I capped each end, but the two caps were different from one another while still interchangeable to either end. One cap was flat, simply used as a cover. The other cap had an air bladder attached, to simulate my blowing the spider off my shoulder (gently).
When I placed the spider in the tube and stood the tube on end, the spider slowly worked his way to the top. When I squeezed the air bladder, it shot the spider to the other end. As predicted, the spider laid a silk drop line from the top of the tube to the bottom. Later in the day, the spider slowly crawled back up to the top, and again, I squeezed the air bladder, producing another five-foot strand of silk.

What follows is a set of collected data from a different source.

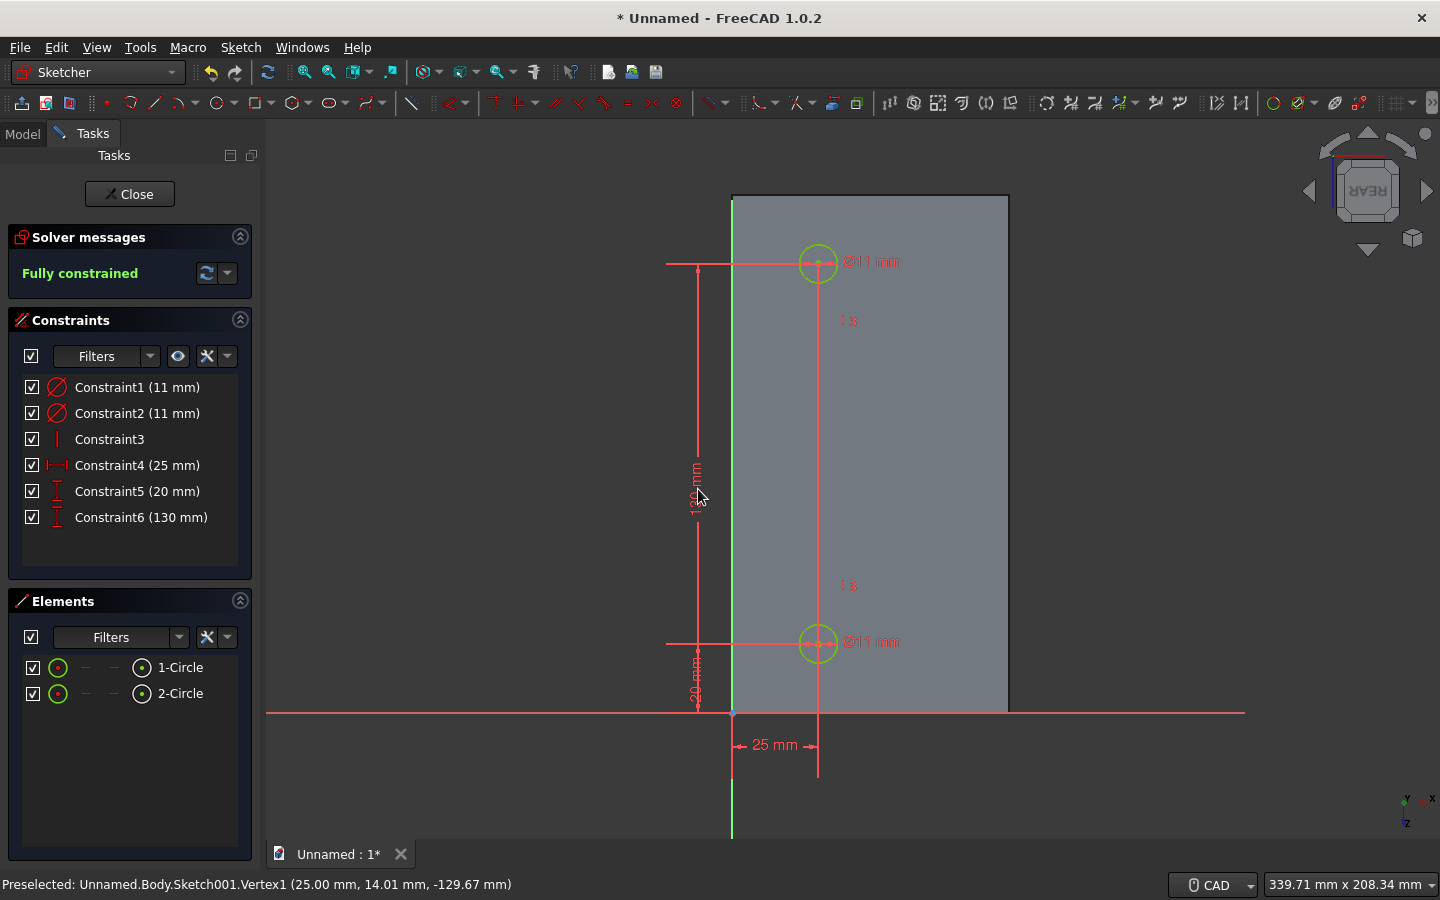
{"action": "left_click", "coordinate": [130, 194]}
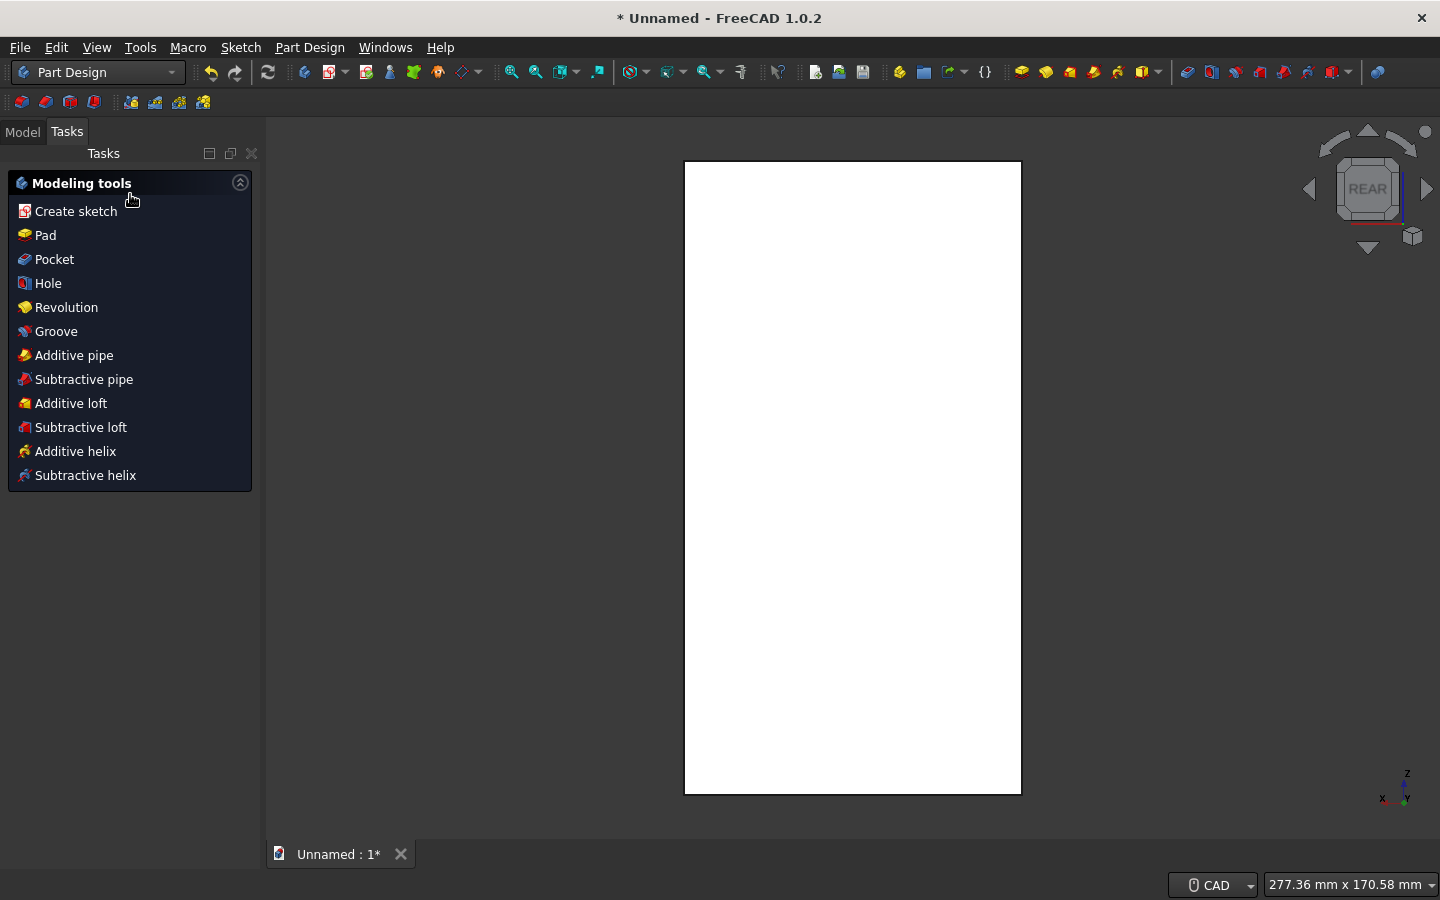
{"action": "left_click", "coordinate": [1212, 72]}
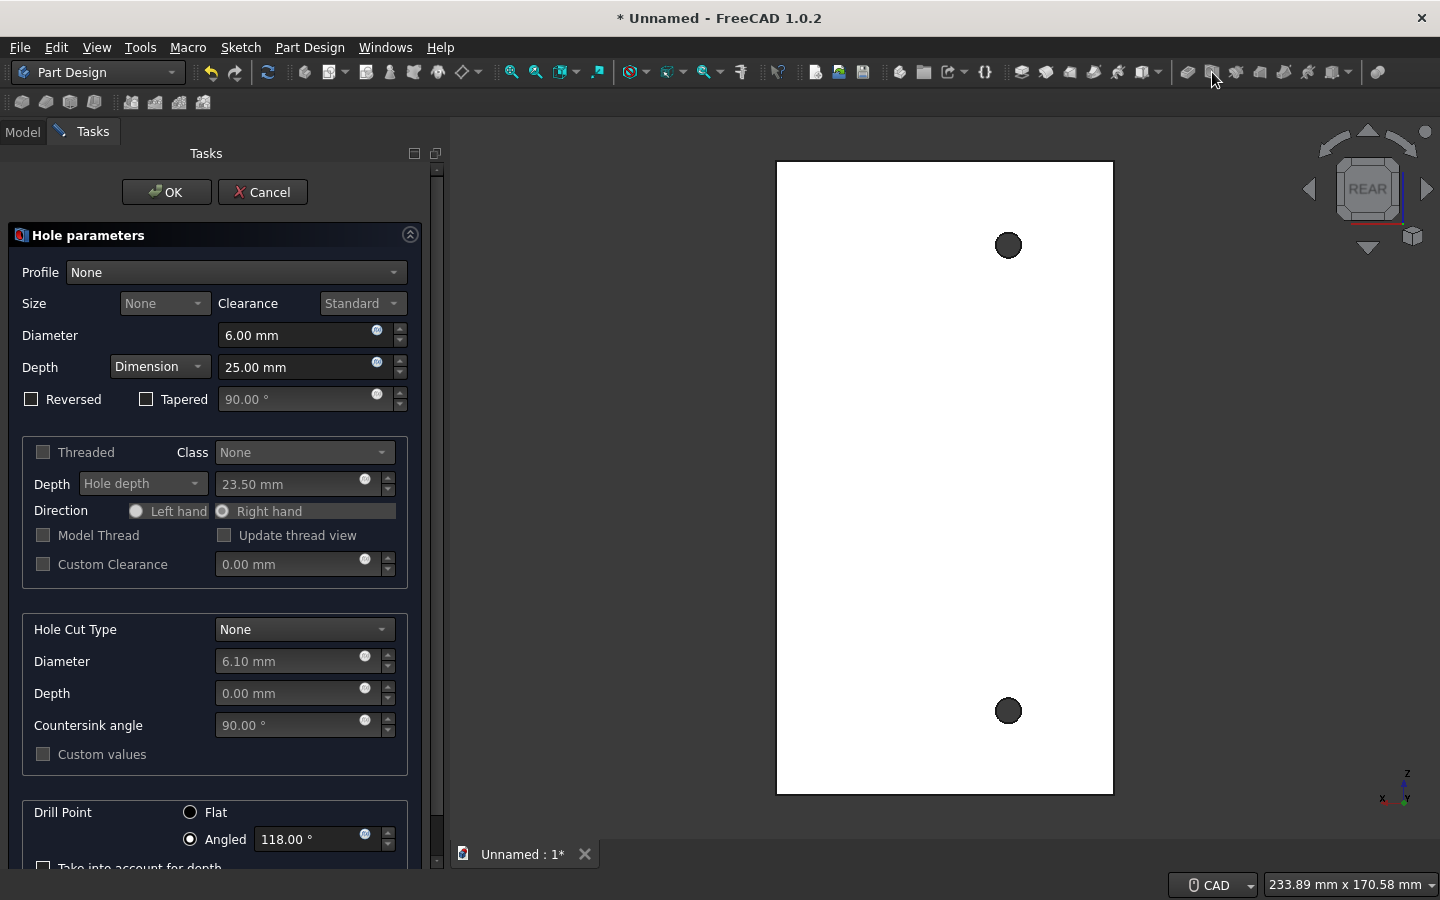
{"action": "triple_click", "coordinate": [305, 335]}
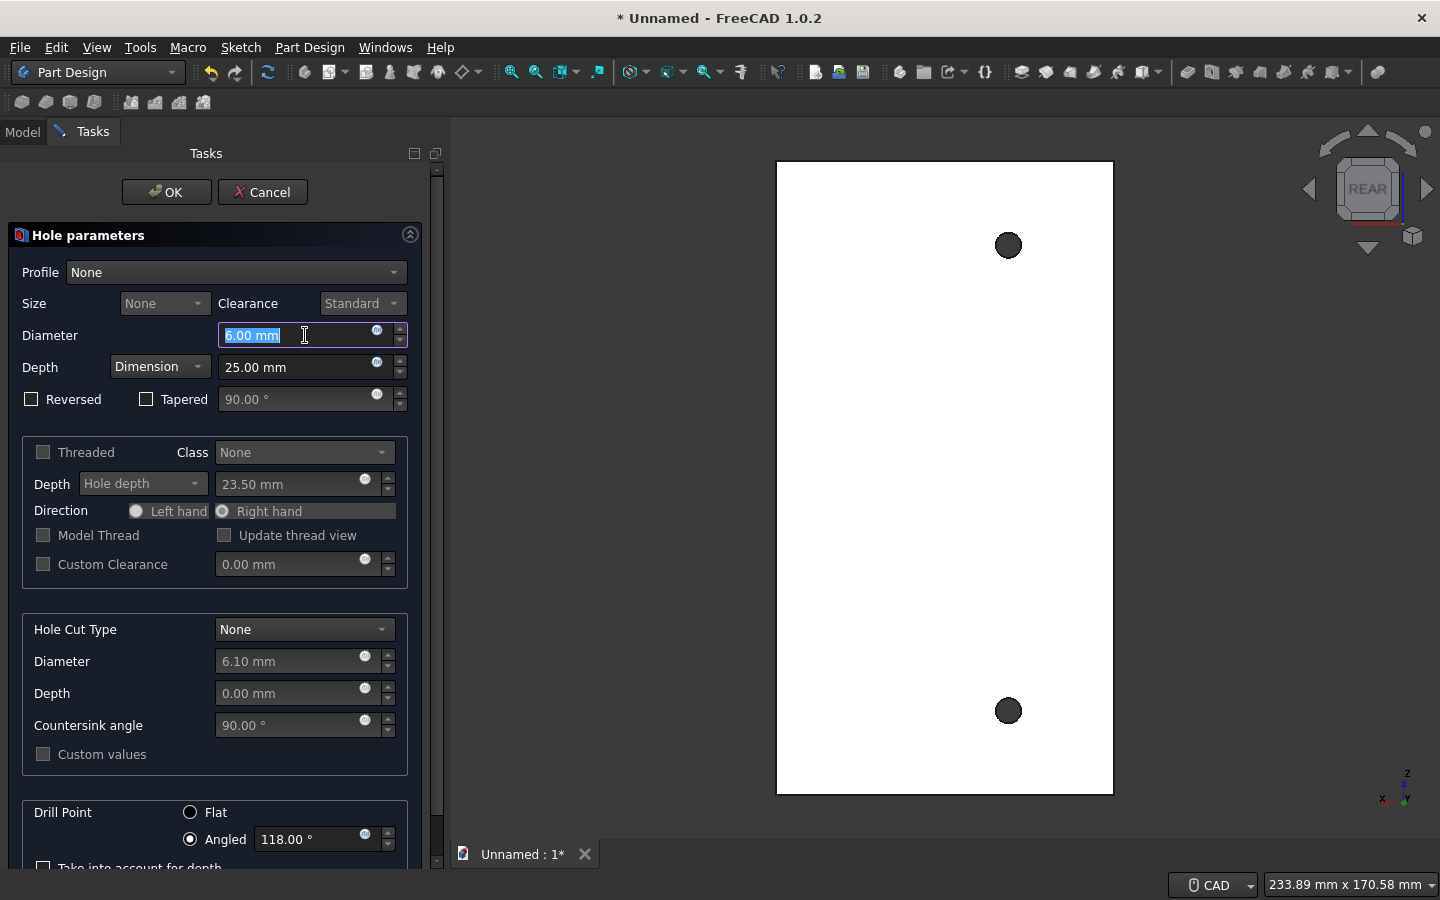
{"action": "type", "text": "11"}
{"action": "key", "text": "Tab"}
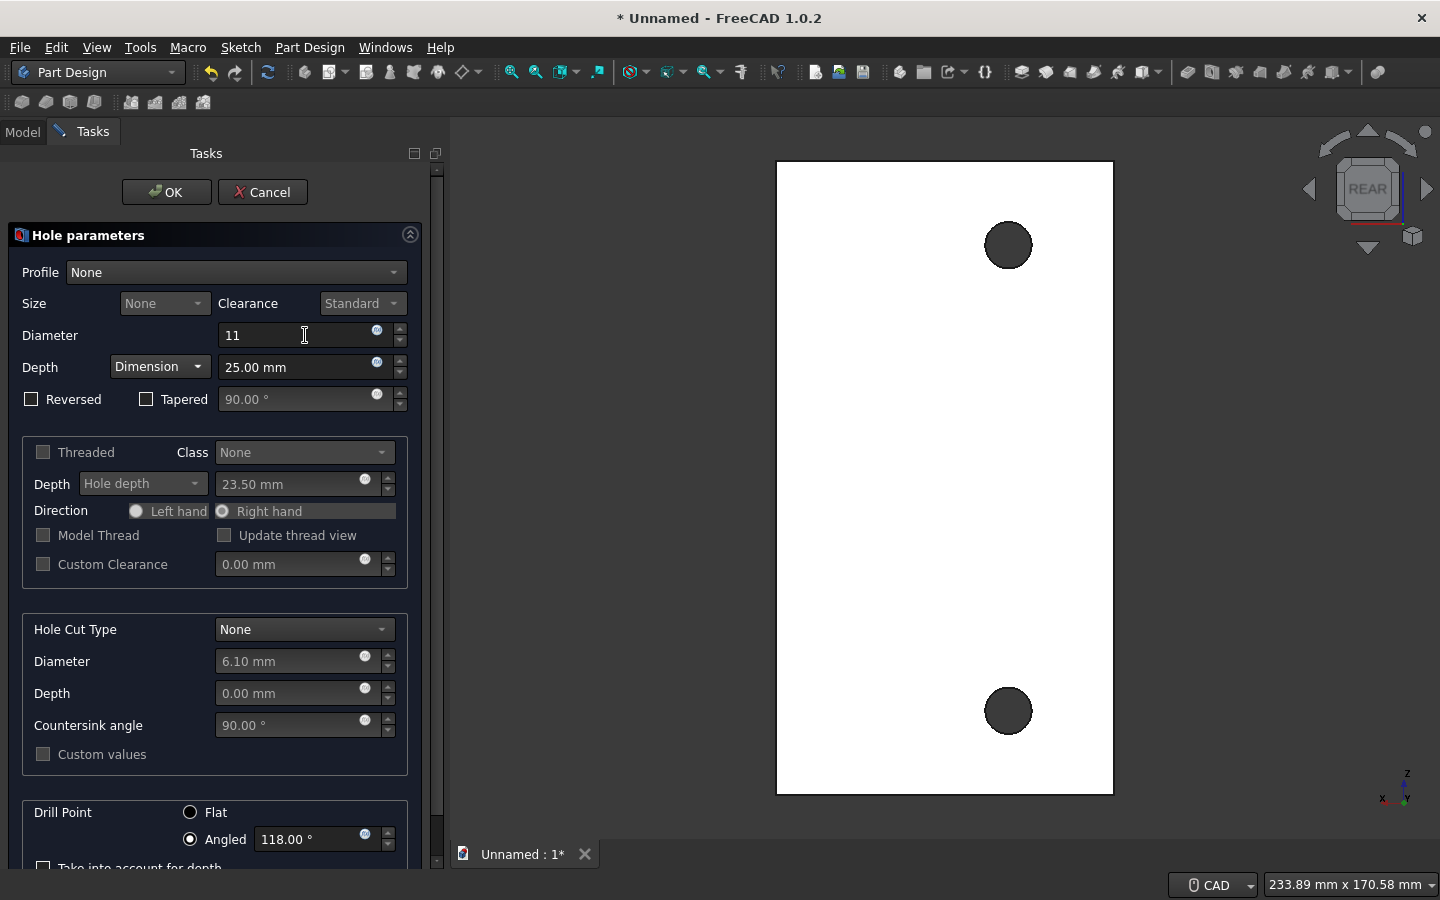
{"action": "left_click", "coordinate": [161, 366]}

Before long, I put an air bladder at both ends, and simply shot the poor little creature from one end of the tube to the other with air. In two days, with a lot of patience, I collected more than a dozen strands of silk in the tube.
Occasionally, the spider learned to dislike the ends and rested in the middle of the tube. I altered the tubes to come apart in the center, one overlapping the other, providing an area to work with the spider without damaging the silk.
Using an automated system, incorporating multiple tubes and several spiders, one could probably generate thousands of strands of silk per week – appealing to magicians and researchers alike.
After a day or two of production, I removed the spider and let him go free (actually, I used female spiders almost exclusively), and found another spider for “silking.” Since I couldn’t feed or water the spider in the tube, I collected them in the mornings after they had adequately fed the night before, and lightly wet the air holes around the ends with a damp sponge.
Once I had all the strands I wanted, I took off both caps, and ran my finger around the inside of the top of the tube. As I extracted the silk, a small build up of static electricity acted as a lubricant and allowed for easy removal of the silk from the tube.
The first time I successfully obtained a useable finished product, I was giddy as a schoolgirl. I quickly levitated a few small objects: a leaf, a paperclip, and four playing cards Bulldog Clipped together. My first strands, slightly more invisible than dulled Nylon Invisible Thread, held 57 grams of weight vertically, and 46 grams horizontally.
With an acetate ring, I was able to produce spider silk “rubber bands,” with elasticity similar to which magicians are used to working and invisibility to match.
It was a fun experiment and there is commercial value for anyone wanting to get into both the spider and the magic business, but it really wasn’t for me. I am not in favor of imprisoning any creature, let alone one that has venomous fangs!